In order to unravel possible discrepancies, the respective patient subgroups according to absolute and relative CRP change were cross-tabulated (Table 5). Overall, approximately 75% of the patients with normalized CRP levels were also identified as responders, whereas flare-responders were somewhat evenly distributed across the normal, normalized and non-normalized groups (~ 15–29%). However, most strikingly, almost 50% of the patients with normal CRP levels were categorized as non-responders and more than 60% of the patients with non-normalized CRP levels as responders despite continuously elevated CRP levels ≥ 10 mg/l after treatment start. Interestingly, patients with normal CRP mismatched as non-responders had a significantly longer OS than patients with non-normalized CRP mismatched as responders (Fig. S2). A similar effect could be observed for PFS, but did not reach significance (Fig. S2). These findings indicate a more robust classification of patients based on the absolute CRP change with regards to prognosis. In contrast, the CRP flare-response classification as proposed by Fukuda et al. categorizes patients relative to the baseline CRP level regardless if the baseline CRP was rather high or low [14], which in turn might lead to prognostic misclassification in some cases.

Table 5 Patient distribution according to early CRP kinetics (normal, normalized, non-normalized) and CRP flare-response classification (responders, flare-responders, non-responders)

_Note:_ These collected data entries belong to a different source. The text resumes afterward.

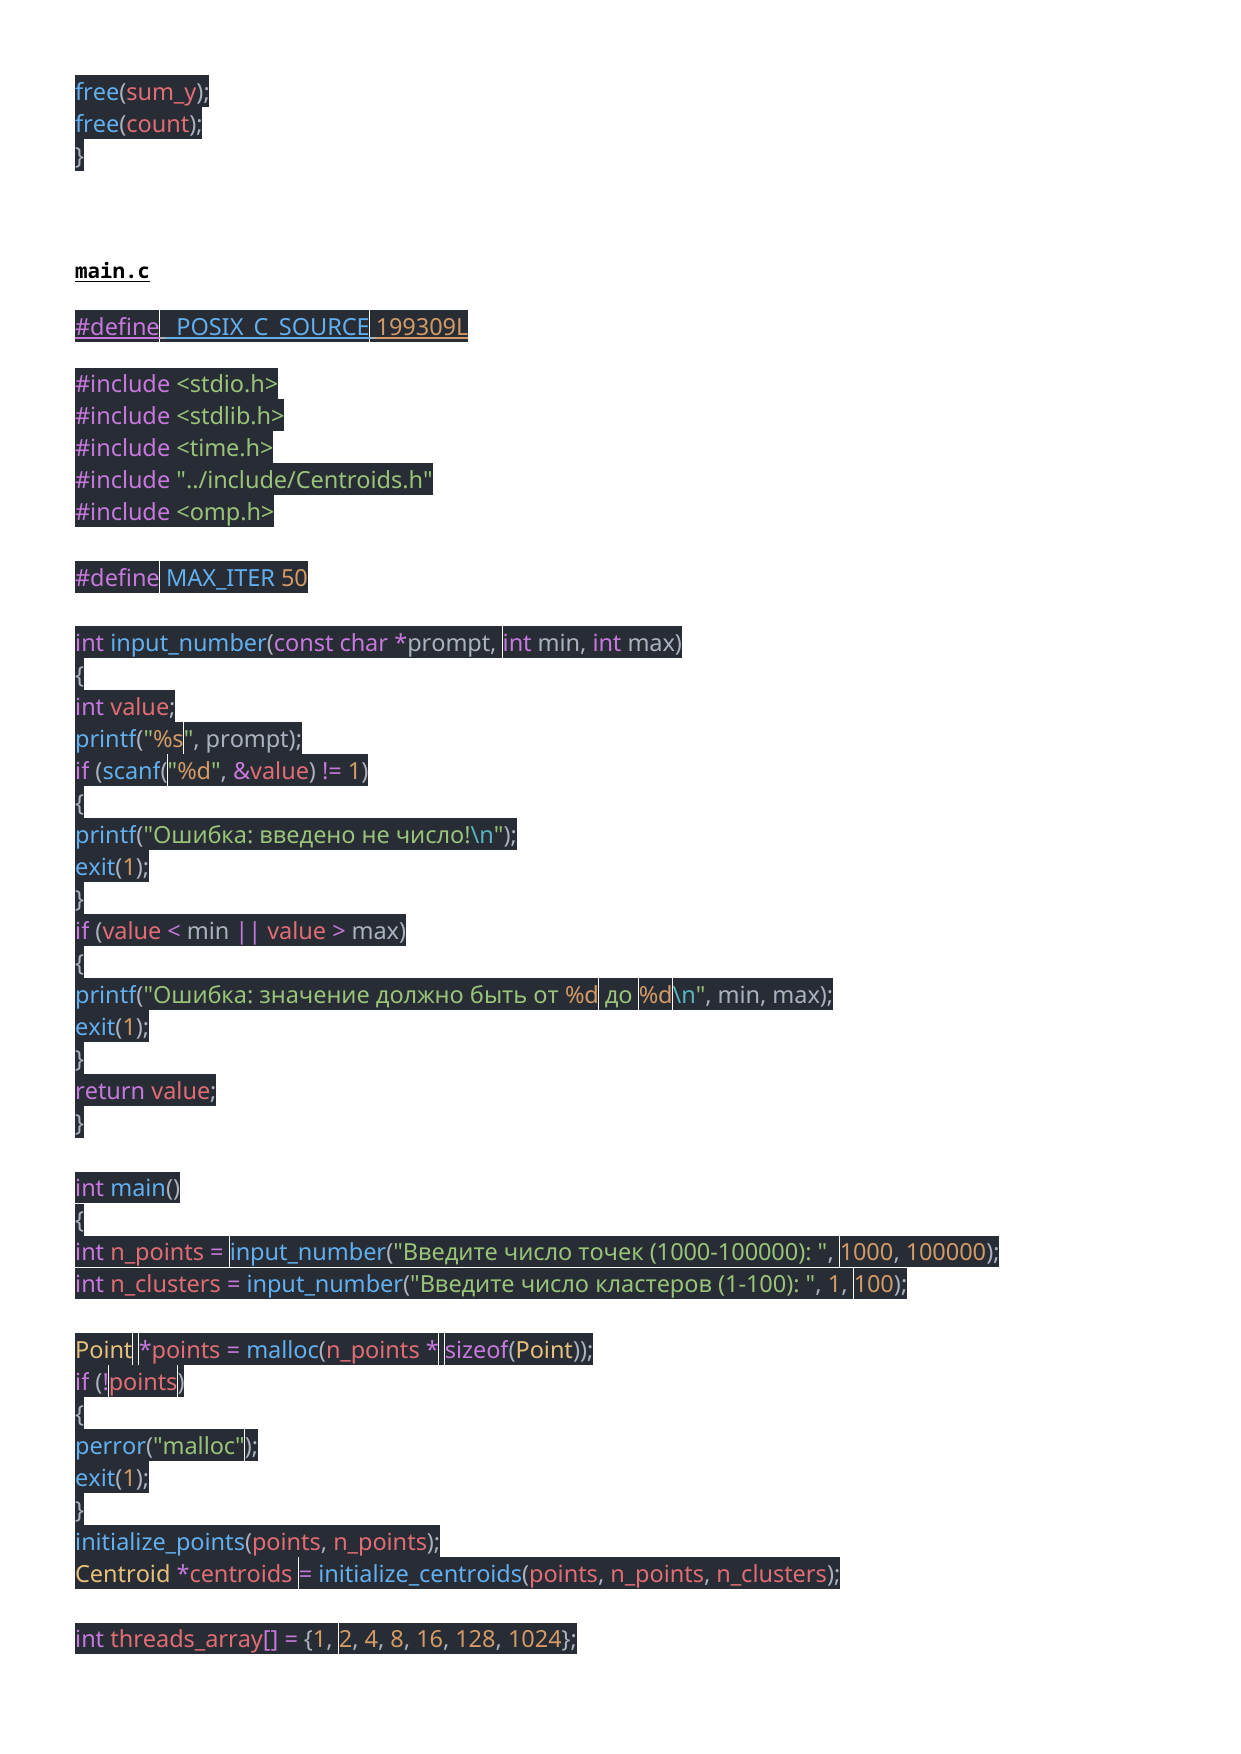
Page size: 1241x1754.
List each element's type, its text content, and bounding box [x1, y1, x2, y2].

text exit(1); [75, 1461, 1165, 1493]
text } [75, 1042, 1165, 1074]
text { [75, 946, 1165, 978]
text { [75, 658, 1165, 690]
text exit(1); [75, 850, 1165, 882]
text #include <stdlib.h> [75, 399, 1165, 431]
text perror("malloc"); [75, 1429, 1165, 1461]
text printf("%s", prompt); [75, 722, 1165, 754]
text #include <stdio.h> [75, 367, 1165, 399]
text free(count); [75, 107, 1165, 139]
text int n_clusters = input_number("Введите число кластеров (1-100): ", 1, 100); [75, 1267, 1165, 1299]
text } [75, 1493, 1165, 1525]
text if (value < min || value > max) [75, 914, 1165, 946]
text main.c [75, 256, 1147, 285]
text } [75, 882, 1165, 914]
text int main() [75, 1172, 1165, 1203]
text int n_points = input_number("Введите число точек (1000-100000): ", 1000, 100000); [75, 1236, 1165, 1267]
text { [75, 786, 1165, 818]
text } [75, 139, 1165, 171]
text return value; [75, 1074, 1165, 1106]
text if (!points) [75, 1365, 1165, 1397]
text { [75, 1203, 1165, 1236]
text exit(1); [75, 1010, 1165, 1042]
text int threads_array[] = {1, 2, 4, 8, 16, 128, 1024}; [75, 1622, 1165, 1654]
text { [75, 1397, 1165, 1429]
text #include <time.h> [75, 431, 1165, 463]
text initialize_points(points, n_points); [75, 1525, 1165, 1557]
text #define _POSIX_C_SOURCE 199309L [75, 310, 1147, 342]
text Point *points = malloc(n_points * sizeof(Point)); [75, 1333, 1165, 1365]
text int input_number(const char *prompt, int min, int max) [75, 626, 1165, 658]
text Centroid *centroids = initialize_centroids(points, n_points, n_clusters); [75, 1557, 1165, 1589]
text #include <omp.h> [75, 495, 1165, 527]
text printf("Ошибка: значение должно быть от %d до %d\n", min, max); [75, 978, 1165, 1010]
text #include "../include/Centroids.h" [75, 463, 1165, 495]
text int value; [75, 690, 1165, 722]
text if (scanf("%d", &value) != 1) [75, 754, 1165, 786]
text free(sum_y); [75, 75, 1165, 107]
text printf("Ошибка: введено не число!\n"); [75, 818, 1165, 850]
text #define MAX_ITER 50 [75, 561, 1165, 593]
text } [75, 1106, 1165, 1138]
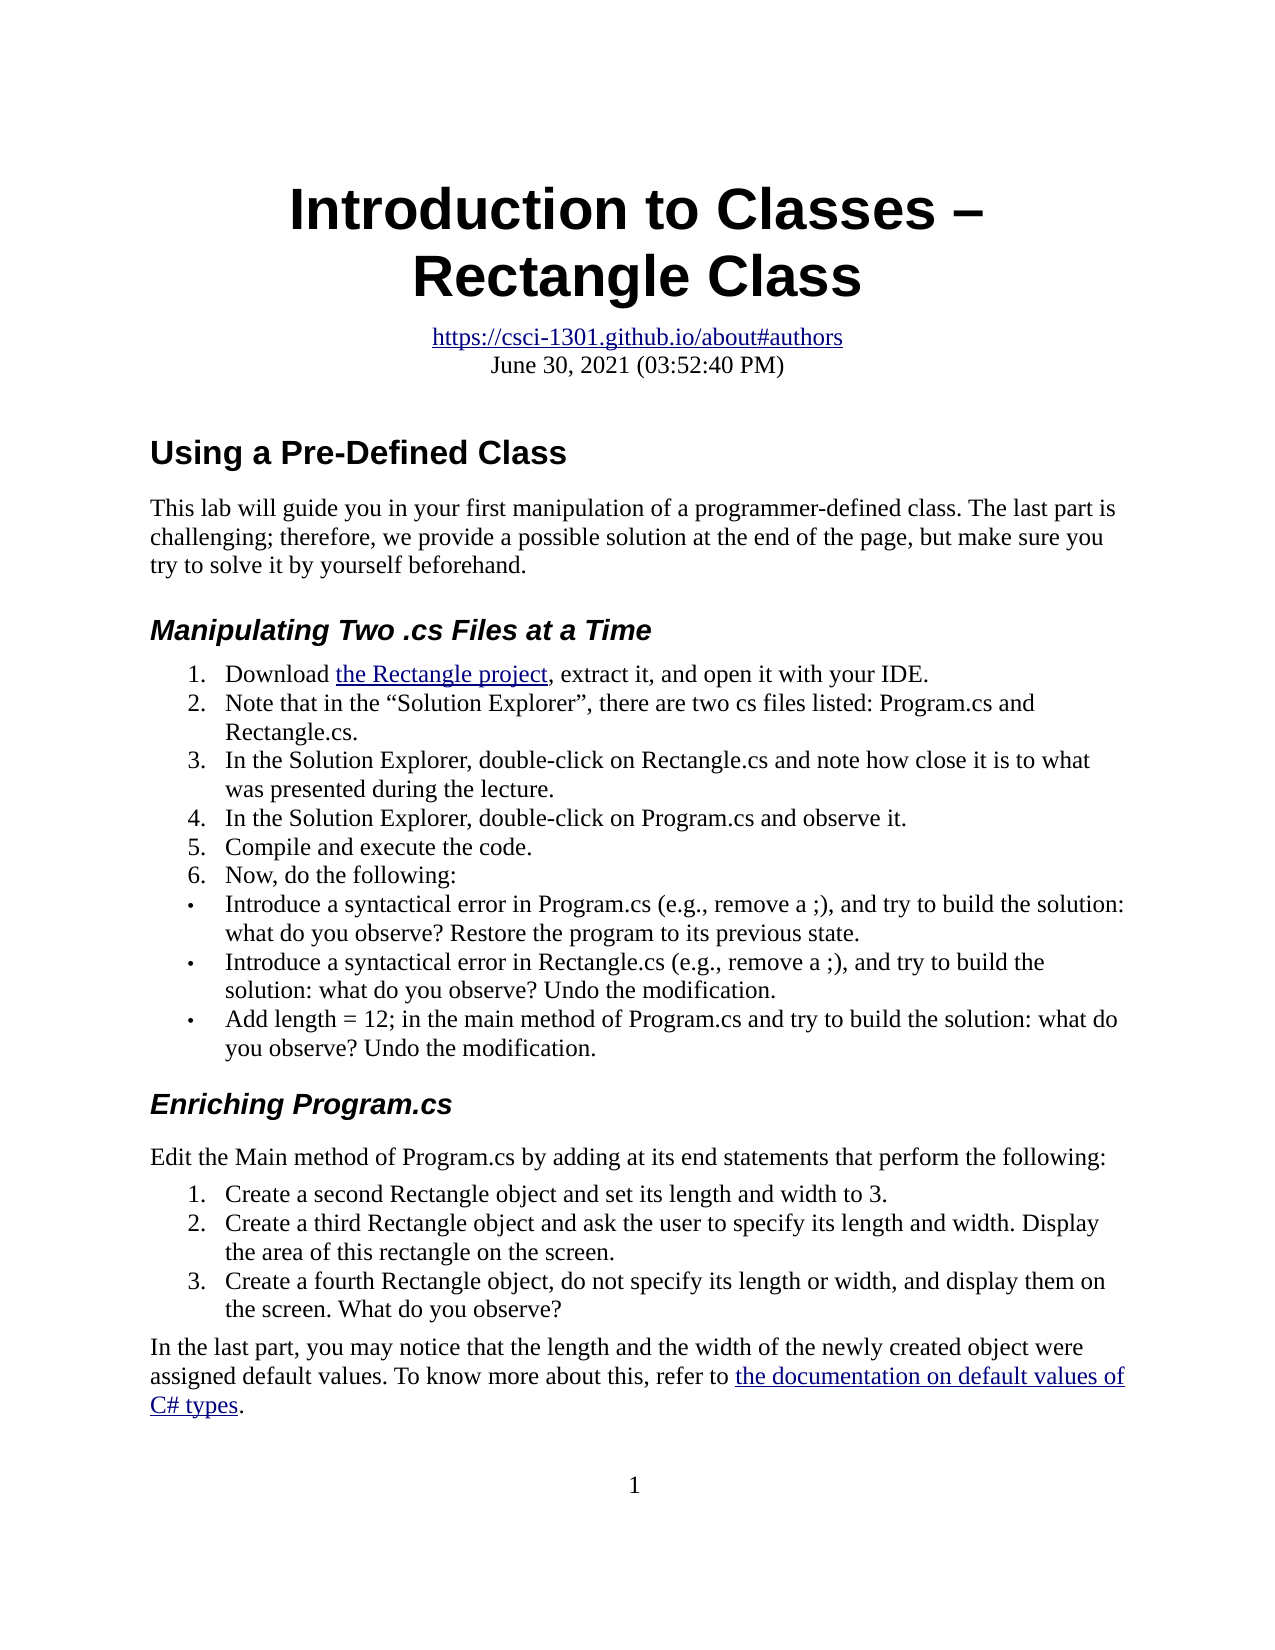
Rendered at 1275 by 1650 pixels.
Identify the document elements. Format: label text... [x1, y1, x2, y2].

list Create a third Rectangle object and ask the user to specify its length and width. Display the area of this rectangle on the screen. [187, 1208, 1125, 1266]
list Now, do the following: [187, 861, 1125, 889]
text This lab will guide you in your first manipulation of a programmer-defined class. The last part is challenging; therefore, we provide a possible solution at the end of the page, but make sure you try to solve it by yourself beforehand. [150, 493, 1125, 579]
text Edit the Main method of Program.cs by adding at its end statements that perform the following: [150, 1142, 1125, 1171]
list Create a second Rectangle object and set its length and width to 3. [187, 1179, 1125, 1208]
text June 30, 2021 (03:52:40 PM) [150, 350, 1125, 379]
list Note that in the “Solution Explorer”, there are two cs files listed: Program.cs and Rectangle.cs. [187, 688, 1125, 746]
subtitle Using a Pre-Defined Class [150, 433, 1125, 472]
list Add length = 12; in the main method of Program.cs and try to build the solution: what do you observe? Undo the modification. [187, 1004, 1125, 1062]
list Download the Rectangle project, extract it, and open it with your IDE. [187, 659, 1125, 688]
text In the last part, you may notice that the length and the width of the newly created object were assigned default values. To know more about this, refer to the documentation on default values of C# types. [150, 1332, 1125, 1418]
list Compile and execute the code. [187, 832, 1125, 861]
subtitle Manipulating Two .cs Files at a Time [150, 613, 1125, 647]
list Create a fourth Rectangle object, do not specify its length or width, and display them on the screen. What do you observe? [187, 1266, 1125, 1323]
list Introduce a syntactical error in Program.cs (e.g., remove a ;), and try to build the solution: what do you observe? Restore the program to its previous state. [187, 889, 1125, 947]
subtitle Enriching Program.cs [150, 1087, 1125, 1120]
list Introduce a syntactical error in Rectangle.cs (e.g., remove a ;), and try to build the solution: what do you observe? Undo the modification. [187, 947, 1125, 1004]
title Introduction to Classes – Rectangle Class [150, 175, 1125, 309]
list In the Solution Explorer, double-click on Rectangle.cs and note how close it is to what was presented during the lecture. [187, 746, 1125, 803]
text https://csci-1301.github.io/about#authors [150, 322, 1125, 350]
list In the Solution Explorer, double-click on Program.cs and observe it. [187, 803, 1125, 832]

Although the present study further emphasizes the prognostic potential of early CRP kinetics in mRCC treated by CPI, several limitations should be noted. The data were collected retrospectively using a relatively small patient cohort and missing data points for CRP could not be prevented. Nonetheless, the baseline clinico-pathological features as well as the median follow-up time, PFS and OS of the present cohort were similar to a large real-world study including 729 mRCC patients under CPI-based 1L therapy, which retrospectively analyzed survival benefits [31]. Furthermore, it should be noted that the present real-world cohort included all available CPI-based 1L therapy options for mRCC and thus, better reflected the current diverse treatment landscape compared to larger phase III trials investigating only specific drugs or drug combinations. Higher patient numbers are required to further validate the prognostic usefulness of early CRP kinetics and to perform analysis for specific drug combinations, particularly those with recent approval (e.g., nivolumab/cabozantinib, pembrolizumab/lenvatinib). A larger prospective study under real-world conditions is needed for the verification of the best CRP cutoff value as well as of the optimal period and frequency for CRP measurements. Finally, the association with therapy outcome was not investigated in the present study, albeit the significantly prolonged survival of patients with normal and normalized CRP could be indicative of a better CPI efficacy.

Conclusions

Overall, patients with normal and normalized CRP had a favorable prognosis compared to patients with non-normalized CRP. Therefore, not only patients with low baseline CRP levels might benefit from CPI-based 1L therapy, but also patients with initially elevated CRP levels, if their CRP level decreases during the early treatment phase. As a standard laboratory parameter, CRP kinetics could be used to predict CPI efficacy as it can be easily implemented into clinical routine to facilitate therapy monitoring.